[arin-ppml] Props. 122 + 123 process?
Sweeting, John
john.sweeting at twcable.com
Tue Nov 30 10:46:13 EST 2010
No debate at all, I was curious about your question "how did the AC come to a /10?" and since I was not on the AC at the time I went into the transcripts to find out. I was simply answering your question, not making any specific point at all.
+++++
________________________________________
From: Hannigan, Martin [marty at akamai.com]
Sent: Tuesday, November 30, 2010 10:44 AM
To: Sweeting, John; Scott Leibrand
Cc: arin-ppml at arin.net
Subject: Re: [arin-ppml] Props. 122 + 123 process?
On 11/30/10 8:53 AM, "Sweeting, John" <john.sweeting at twcable.com> wrote:
> Marty, if you go back and read the transcripts from the fall 2008 meeting in
> LA it is explained by the author Alain Durand in his presentation. The poll at
> the time supported this proposal 129 in room, 55 in favor, 0 against. Thanks.
>
>
It's too bad that 2010-10 Global Policy for IPv4 Allocations by the IANA
Post Exhaustion which was 40:5 didn't have such an easy go of it, but I
don't think that this thread is a debate about how to judge consensus so
let's move on.
That thread you quote isn't relevant, IMHO. It's already been established in
the previous public policy meeting and following that the policy is flawed
and we have multiple parties here agreeing. I think that defending 4.10 is a
waste of all of our time at this stage.
The relevant thread with respect as to why to deal with 4.10 at all is:
[arin-ppml] Final draft of 2010-13 for Atlanta (Rev 1.55)

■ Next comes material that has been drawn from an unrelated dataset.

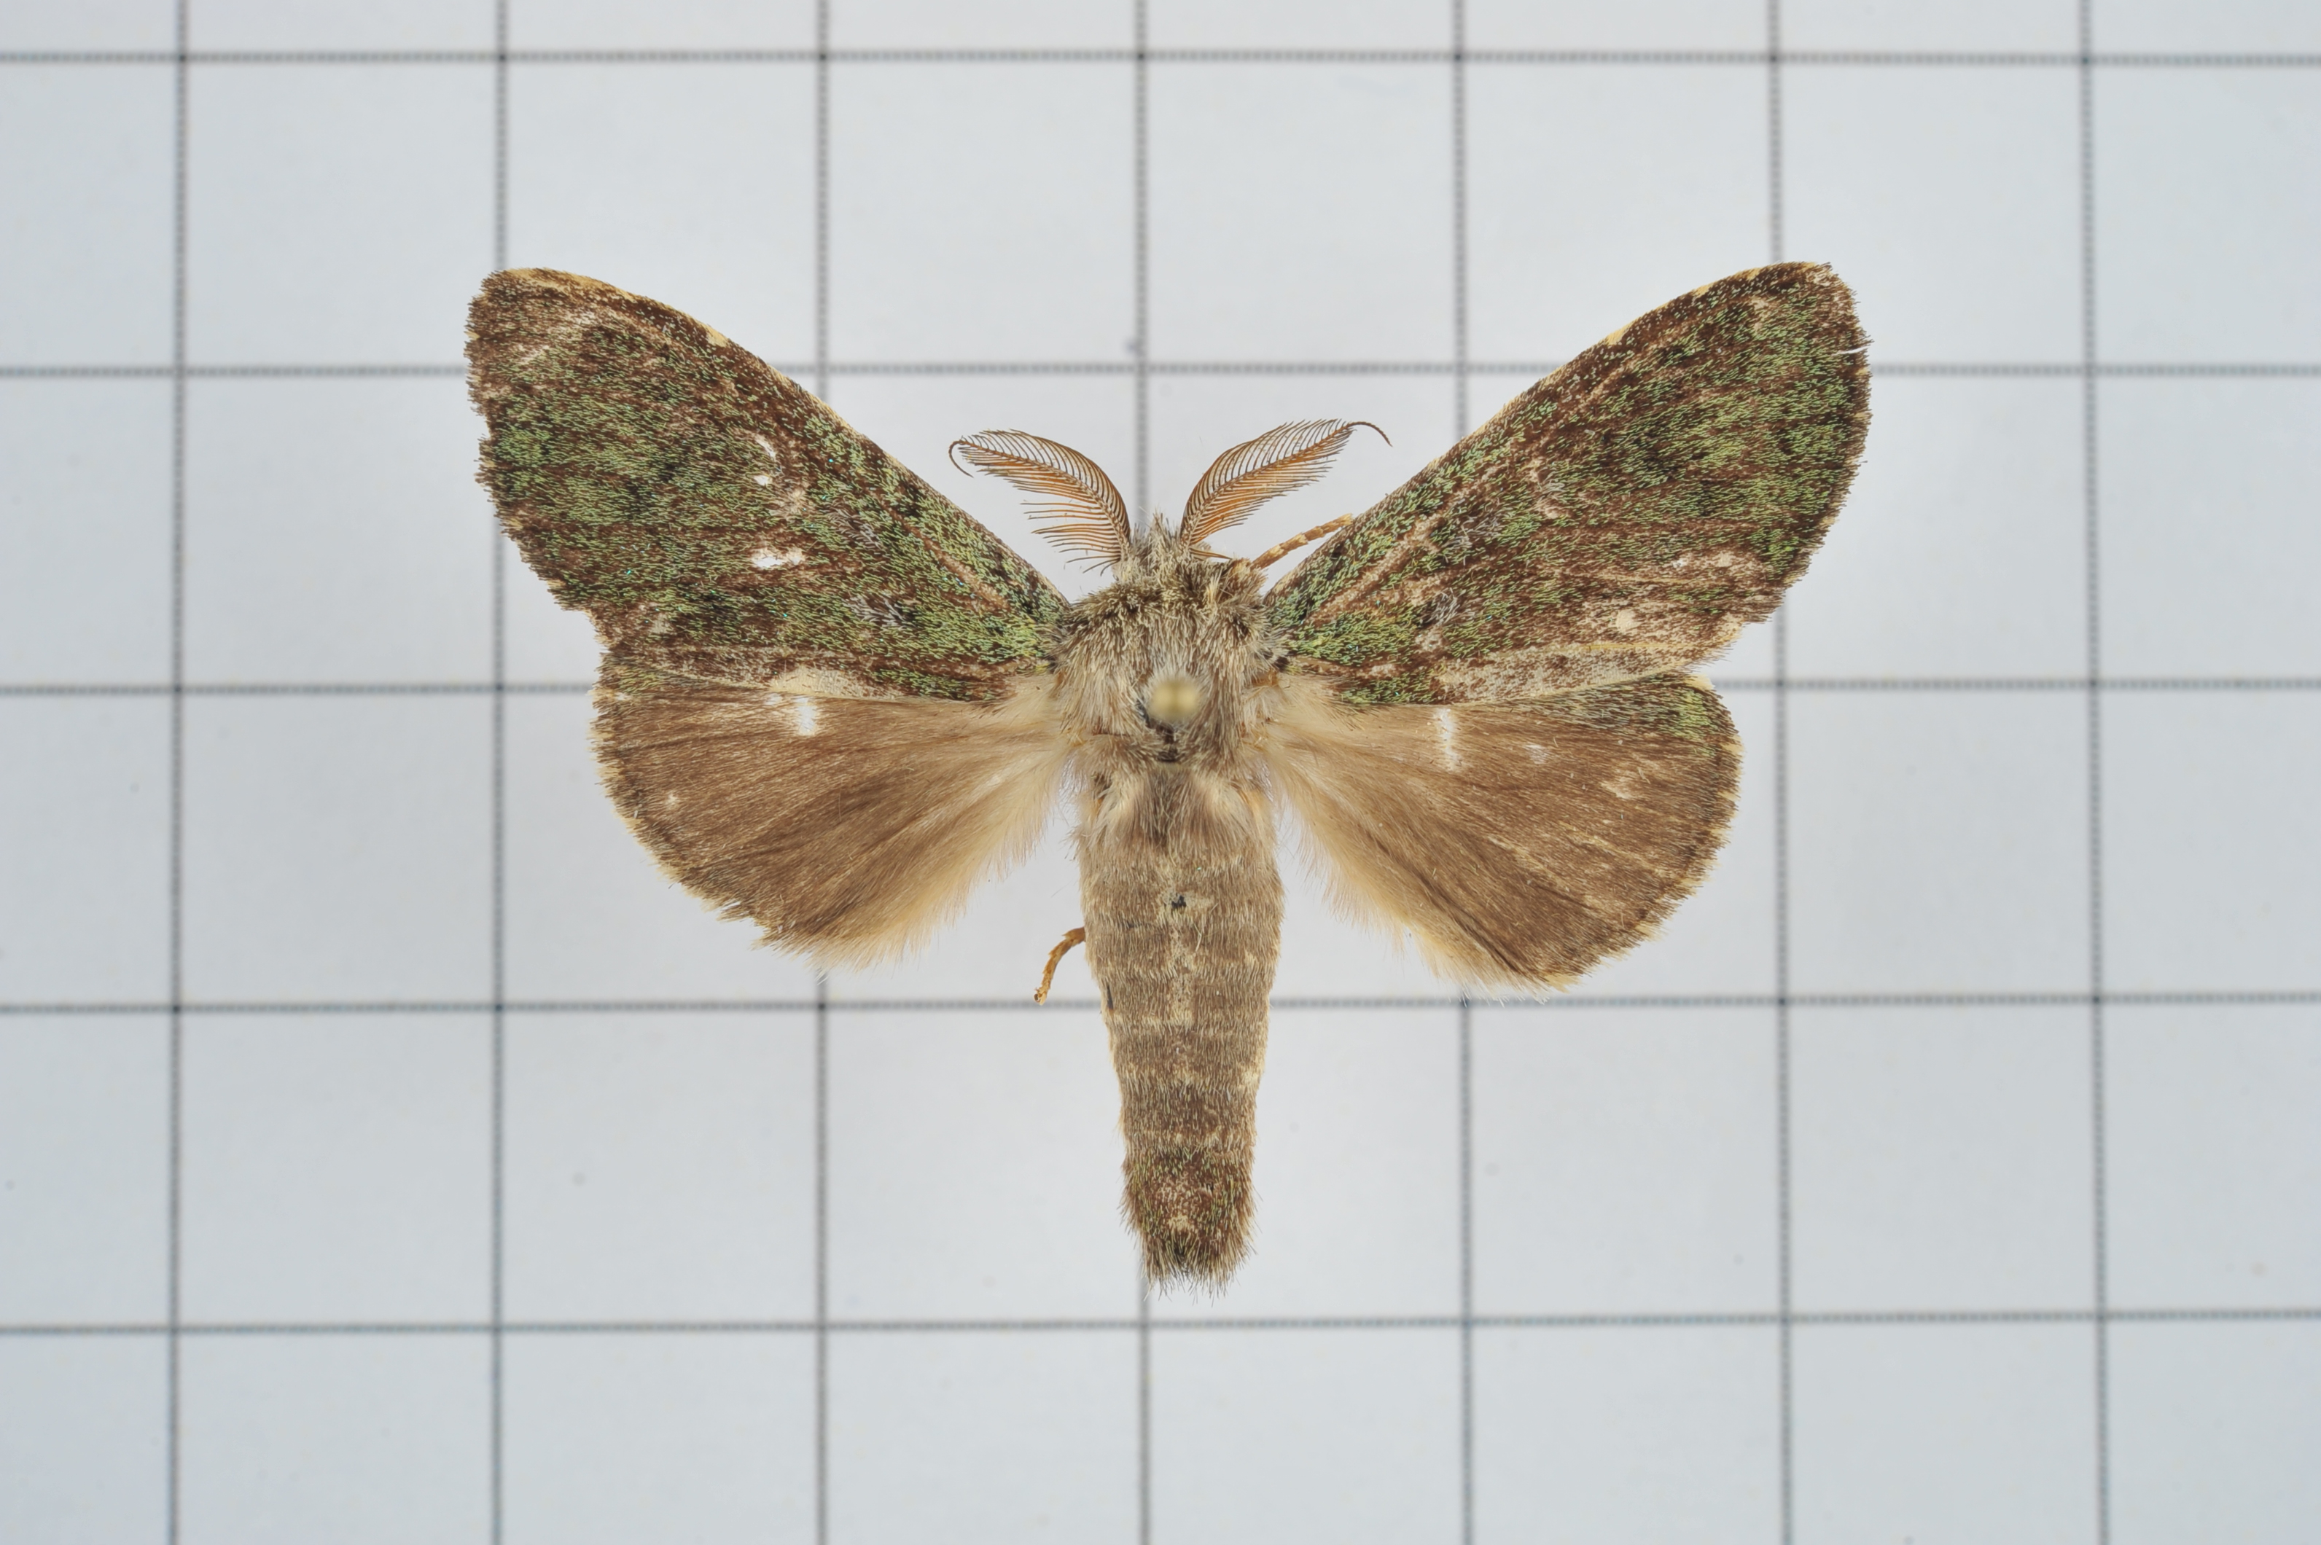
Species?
Syntypistis cyanea cyanea
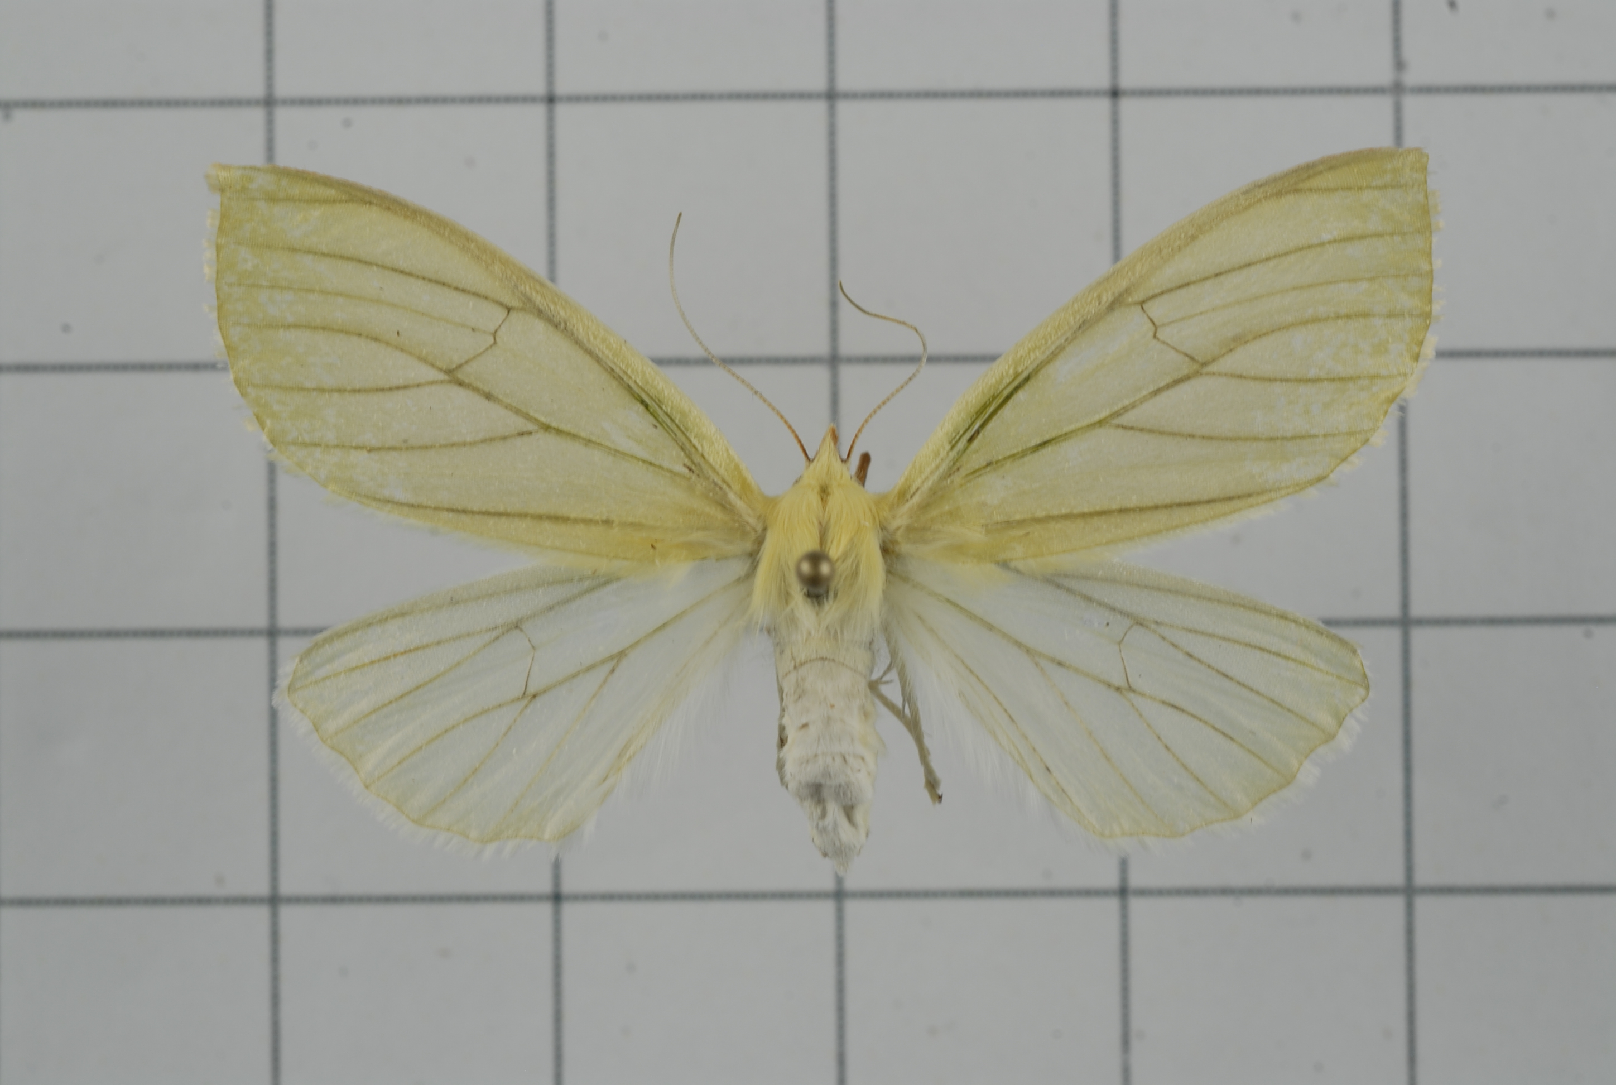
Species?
Doratoptera lutea

That demonstrates the weaknesses with respect to 4.10 in more detail and
includes suggestions to make improvements.
When you analyze the spread of who benefits from 4.10 it's legacy holders.
4.10 pretty much insures that smaller entities are less-likely to be
required to acquire address space on the open market and that legacy holders
are going to have addresses available for medium and larger networks to
purchase/fund through the STLS.
V4 is done, no arguments here. I'm not a legacy holder and my agenda is
mostly cost. If we're going to have policy related to transition it should
have some support other than "there's nothing better proposed" or we ought
to get rid of it. A fix would be better which is why 122 is out there.